Task description: Take the data below and extract the lines from the one with "techniques: photoaquatint, printing, marbled" to the one with "tags: adolescent, young", inclusive, exactly as written.

- - -

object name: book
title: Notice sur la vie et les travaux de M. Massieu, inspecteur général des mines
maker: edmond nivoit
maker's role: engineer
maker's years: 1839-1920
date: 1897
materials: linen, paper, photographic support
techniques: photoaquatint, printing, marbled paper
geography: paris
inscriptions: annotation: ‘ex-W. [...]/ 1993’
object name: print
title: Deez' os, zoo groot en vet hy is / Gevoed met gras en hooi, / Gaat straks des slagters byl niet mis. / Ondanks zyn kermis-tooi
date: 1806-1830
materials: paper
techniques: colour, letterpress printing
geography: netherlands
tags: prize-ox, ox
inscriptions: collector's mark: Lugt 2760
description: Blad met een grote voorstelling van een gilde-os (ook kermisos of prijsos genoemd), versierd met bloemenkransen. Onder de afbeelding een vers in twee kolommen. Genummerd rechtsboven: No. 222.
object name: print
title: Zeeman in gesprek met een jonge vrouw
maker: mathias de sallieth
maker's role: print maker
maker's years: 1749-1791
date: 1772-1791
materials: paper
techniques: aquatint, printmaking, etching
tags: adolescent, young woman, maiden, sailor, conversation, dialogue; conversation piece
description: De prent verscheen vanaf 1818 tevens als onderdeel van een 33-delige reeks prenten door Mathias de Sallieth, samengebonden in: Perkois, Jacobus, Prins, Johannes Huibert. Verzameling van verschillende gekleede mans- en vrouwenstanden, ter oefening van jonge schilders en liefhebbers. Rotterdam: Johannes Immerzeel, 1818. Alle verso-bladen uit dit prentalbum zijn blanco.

- - -

Your response:
techniques: photoaquatint, printing, marbled paper
geography: paris
inscriptions: annotation: ‘ex-W. [...]/ 1993’
object name: print
title: Deez' os, zoo groot en vet hy is / Gevoed met gras en hooi, / Gaat straks des slagters byl niet mis. / Ondanks zyn kermis-tooi
date: 1806-1830
materials: paper
techniques: colour, letterpress printing
geography: netherlands
tags: prize-ox, ox
inscriptions: collector's mark: Lugt 2760
description: Blad met een grote voorstelling van een gilde-os (ook kermisos of prijsos genoemd), versierd met bloemenkransen. Onder de afbeelding een vers in twee kolommen. Genummerd rechtsboven: No. 222.
object name: print
title: Zeeman in gesprek met een jonge vrouw
maker: mathias de sallieth
maker's role: print maker
maker's years: 1749-1791
date: 1772-1791
materials: paper
techniques: aquatint, printmaking, etching
tags: adolescent, young woman, maiden, sailor, conversation, dialogue; conversation piece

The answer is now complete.